Gravitrex won. Kira took home the Japan Prize, representing Venture Café Phoenix on the largest international stage the organization offers.
Think about that: a company that started in an Arizona garage, built by a daughter watching her father relearn to walk, developed hand-in-hand with local therapists — now recognized as one of the most promising innovations in the world.
“We’re especially honored to receive recognition from Japan,” Kira said, “a global leader in assistive technology.”

Before Tokyo, Gravitrex had already earned accolades from the American Physical Therapy Association’s ALI Shark Tank and the National Institute on Aging Start-Up Challenge.
As part of the Pitch2Tokyo prize, the company now has access to CIC’s global network of workspaces, labs, and innovation campuses — resources unimaginable when Richard and his son were first sketching ideas in the garage.
“Phoenix is building real momentum in biotech,” said Alex Koupal, Event and Experience Director at Venture Café Phoenix. “We’re proud to see leaders like Kira represent the strength of our ecosystem on the global stage: Phoenix to Tokyo.”
What Comes Next
The Gravitrex device today is designed for clinics and rehab facilities. The future Kira is building toward is smaller, connected, and meant for the living room. Remote monitoring lets therapists track gait and adjust care without leaving home.

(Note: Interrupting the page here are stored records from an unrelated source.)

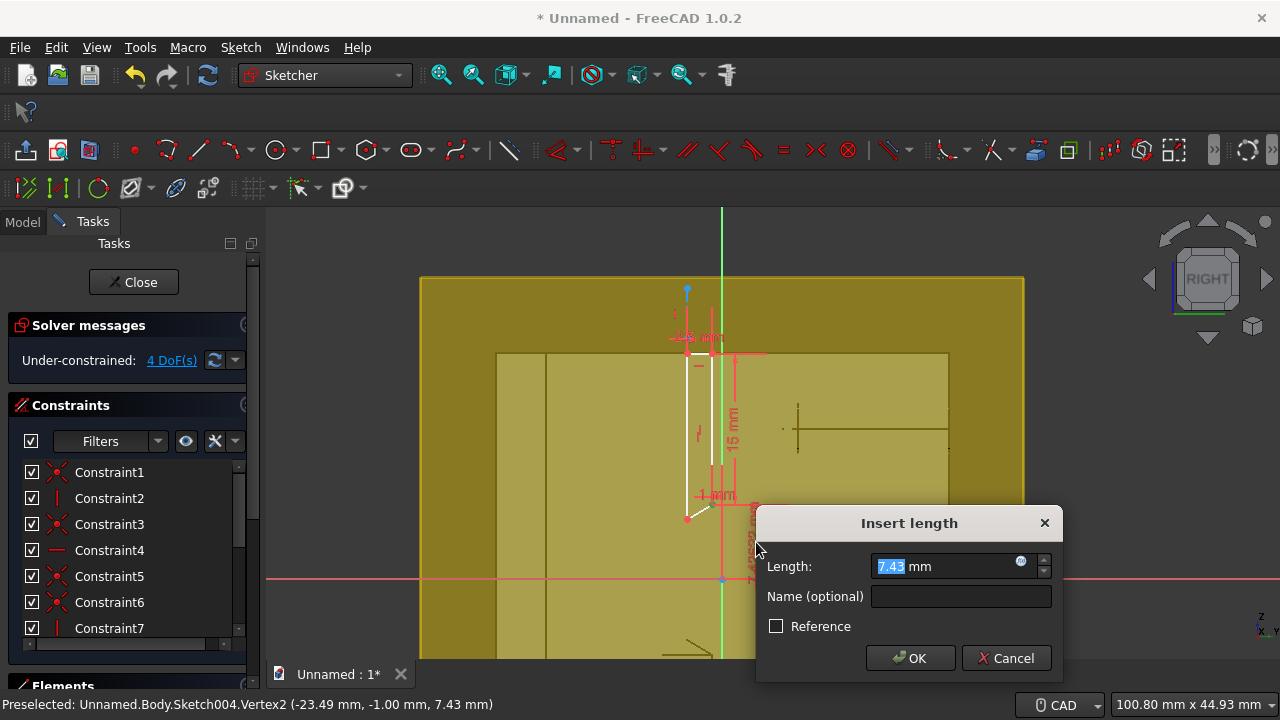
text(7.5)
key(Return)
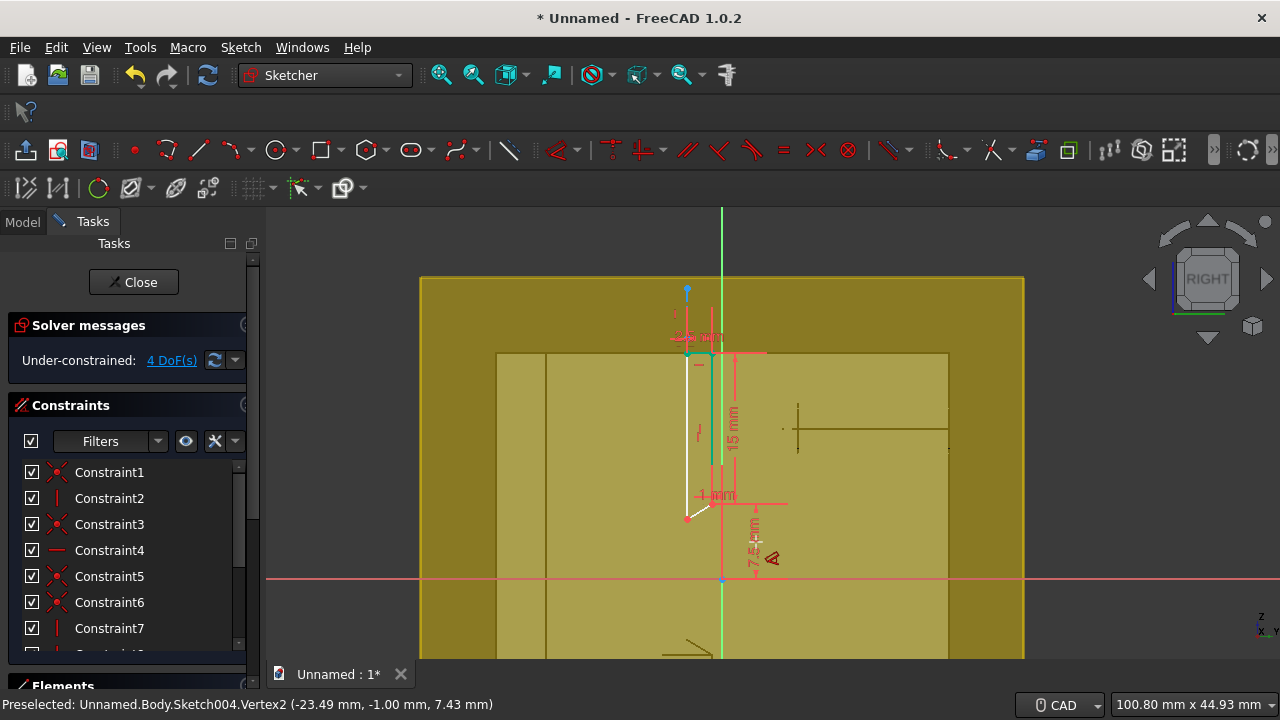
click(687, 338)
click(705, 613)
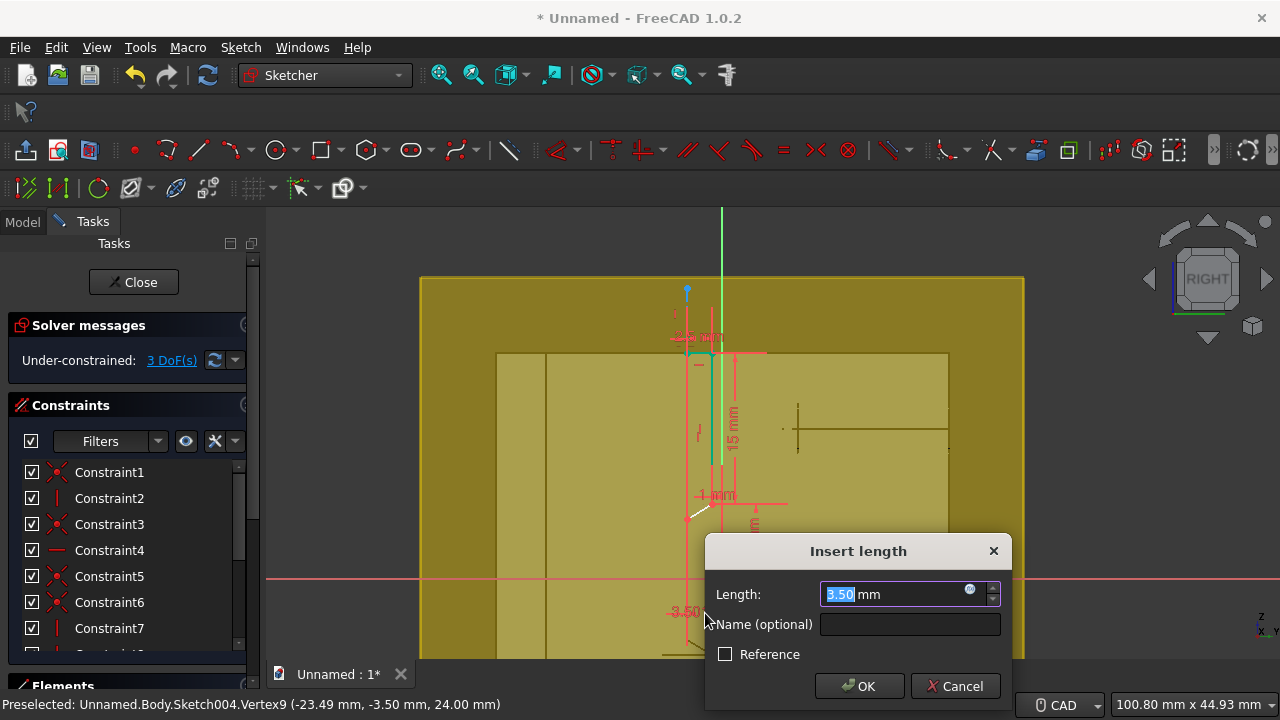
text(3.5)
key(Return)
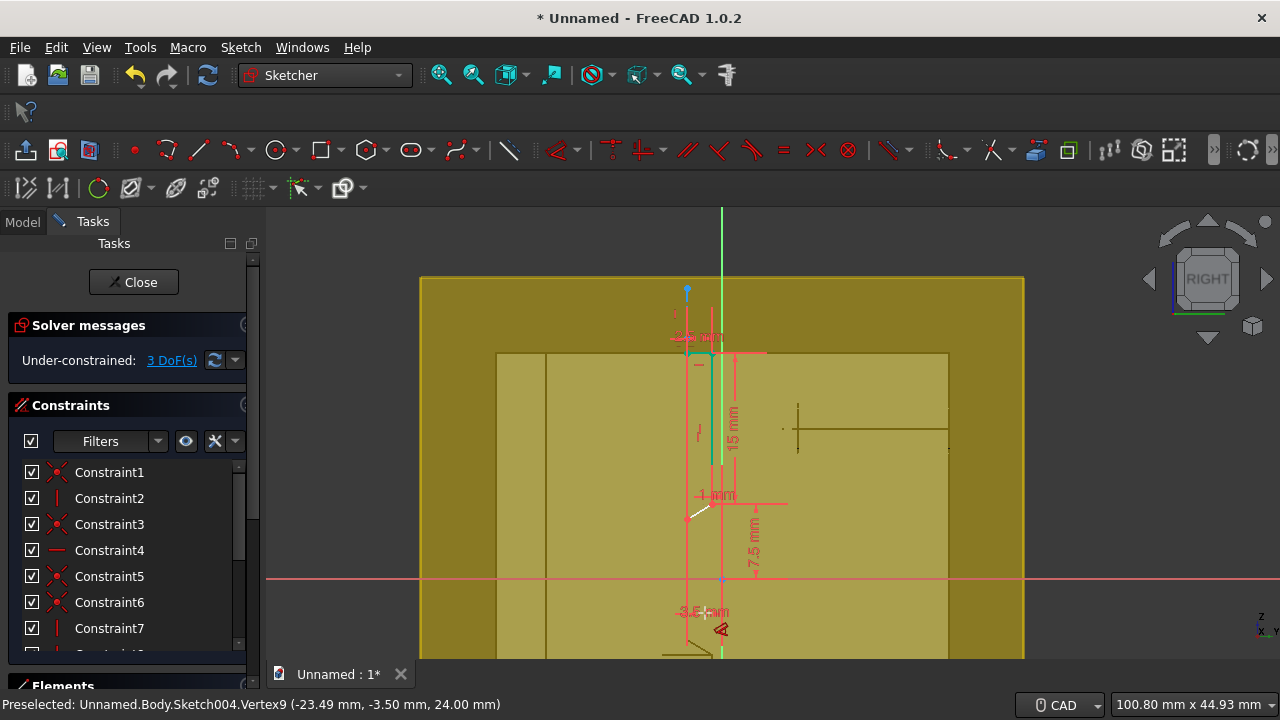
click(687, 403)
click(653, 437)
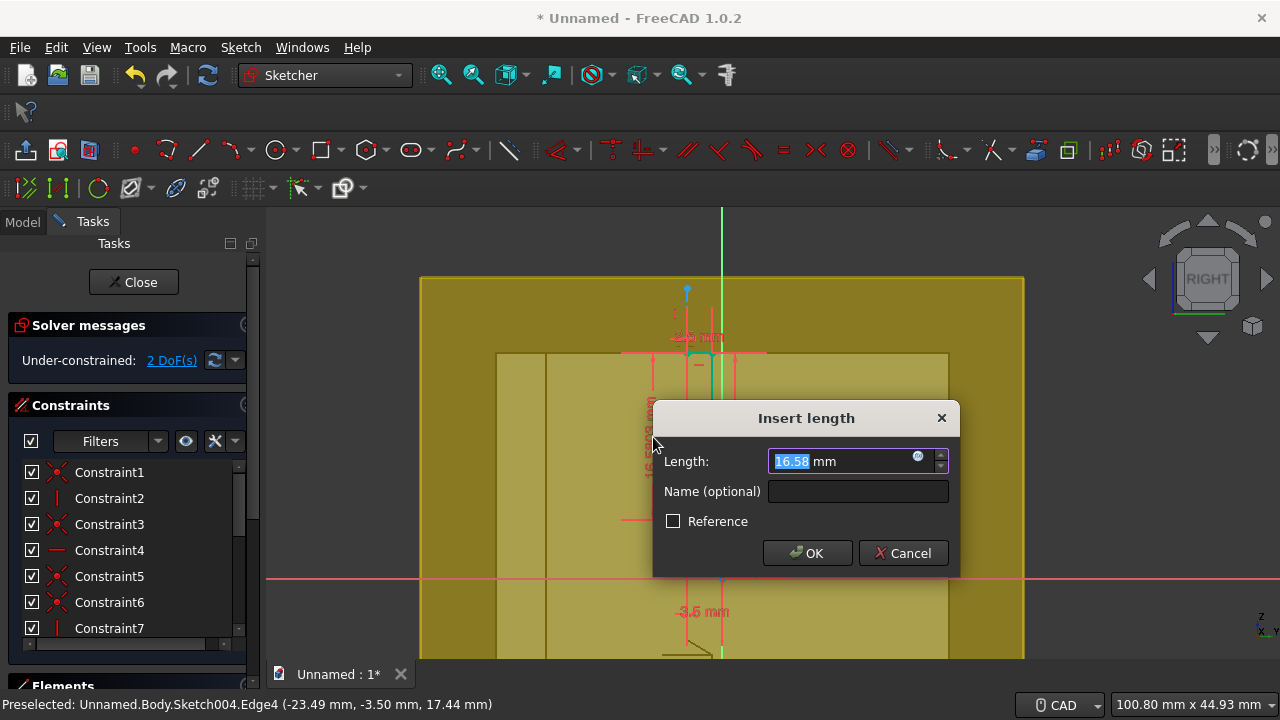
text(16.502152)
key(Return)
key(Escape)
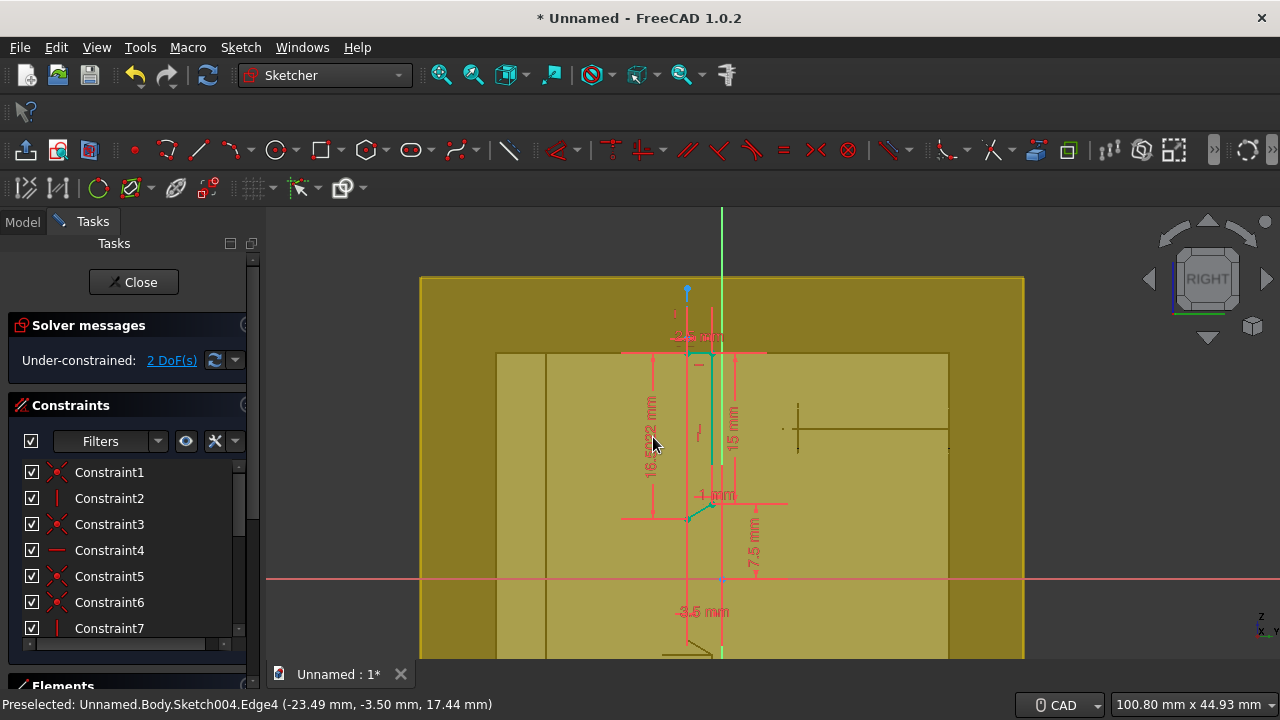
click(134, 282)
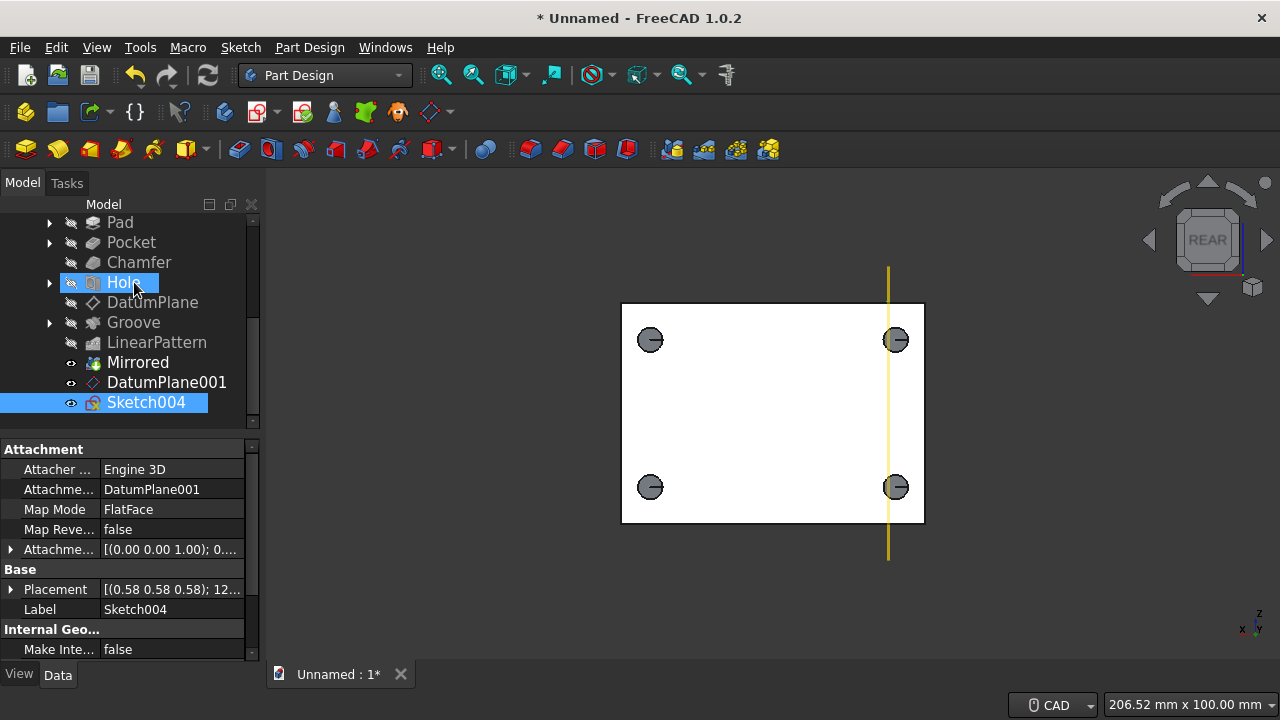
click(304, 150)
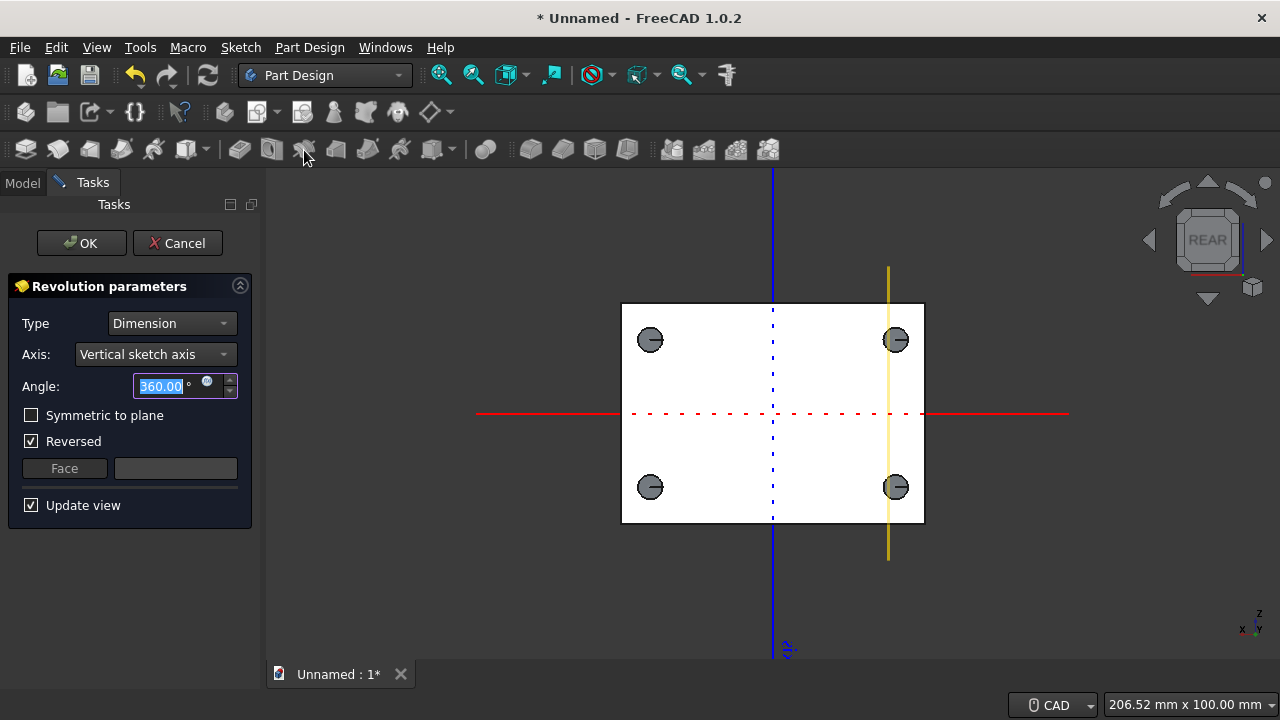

The market is enormous. Aging populations in Japan, stroke recovery patients in Europe, communities everywhere quietly running out of options for people who simply want to walk again. The Japan Prize wasn’t just recognition. It is a signal that the world is ready for what Gravitrex is building.
Richard Burns is still Chief Science Officer — still the man whose career, accident, and his mother’s knees all converged into this device. Ask him what Gravitrex would have meant during his recovery, and he keeps it simple:
“It would have made practicing walking easier.”
And that’s it. A physician who became a patient. A daughter who turned helplessness into a company. A garage in Arizona that somehow became a stage in Tokyo. All in service of making something that was hard a little bit easier for the people who need it most.